If you are comparing devices before buying, PSG validation data matters more than app polish. A more detailed device-level comparison belongs in a head-to-head review such as Apple Watch vs. Oura Ring vs. Fitbit, while broader context on connected sleep products is covered in Smart Sleep Devices: What the Research Says About Accuracy and Efficacy. The main rule does not change much by brand: the closer the metric is to something the sensors directly capture, the more respect it deserves.

Where the line should be

A consumer sleep tracking device can be useful without being clinically authoritative. It can show that your sleep schedule is inconsistent, that your heart rate runs higher after alcohol, that your HRV drops during illness, or that your average sleep window is shorter than you thought. Those are legitimate uses.

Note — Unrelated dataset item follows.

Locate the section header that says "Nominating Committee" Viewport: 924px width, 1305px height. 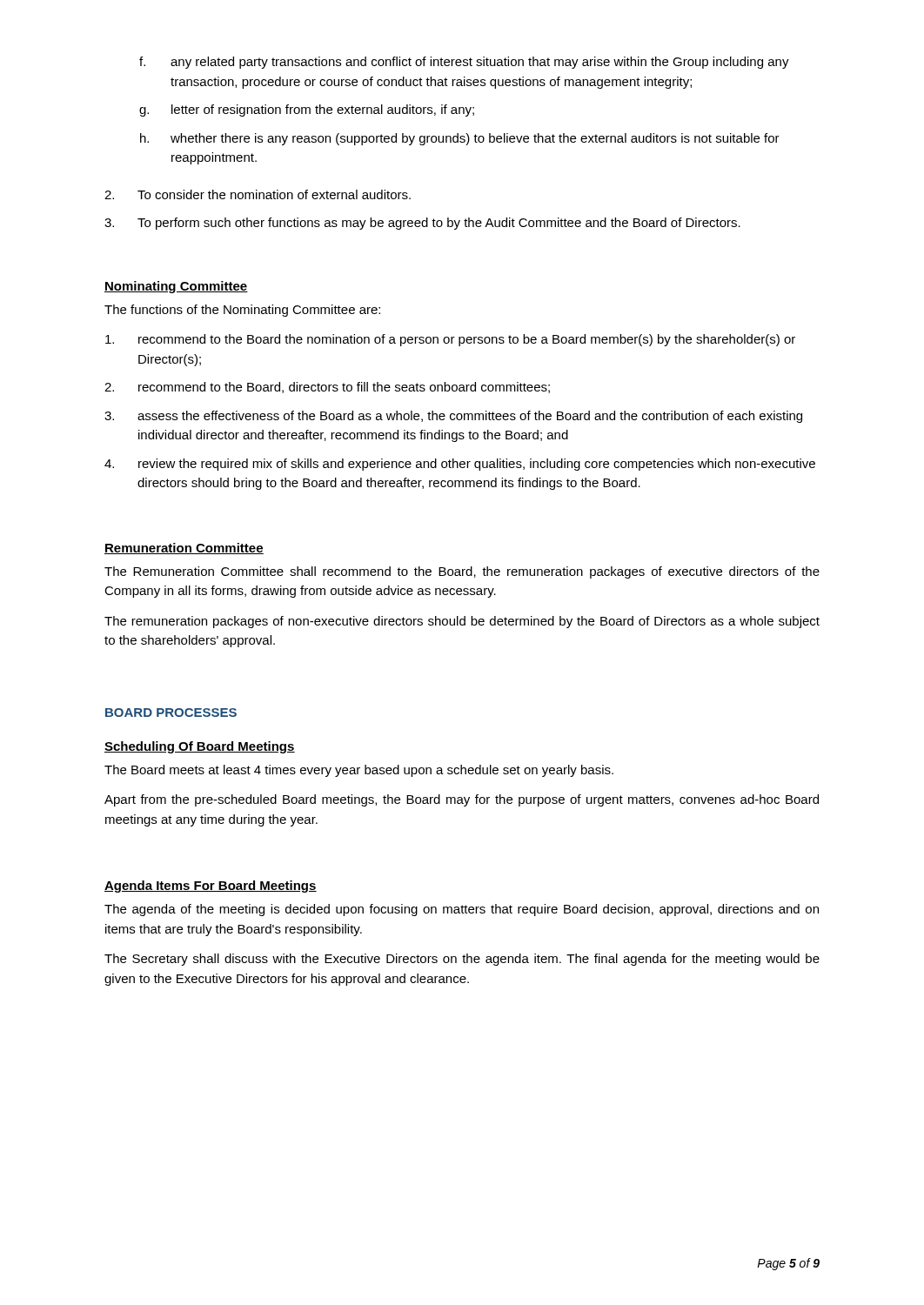click(176, 285)

It should not be treated as a sleep lab on your wrist. It does not measure brain waves, it struggles with quiet wakefulness, and its stage graphs are model outputs dressed in clean colors. Read the trends. Respect the heart-rate and HRV data. Keep single-night deep-sleep numbers at arm’s length.

References

  1. Do Sleep Trackers Really Work? — Johns Hopkins Medicine.
  2. Consumer sleep technology: an American Academy of Sleep Medicine clinical practice guideline — World Sleep Society / Sleep Medicine, 2025.
  3. Evaluation of Consumer Sleep Technologies for Sleep Stage Classification and Sleep Metrics in Healthy Adults — Sensors, 2024.
  4. Validation of Wearable Devices for Sleep Measurement in Healthy Adults — Australian Institute of Sport, 2022.
  5. Performance of seven consumer sleep-tracking devices compared with polysomnography — Sleep, 2021.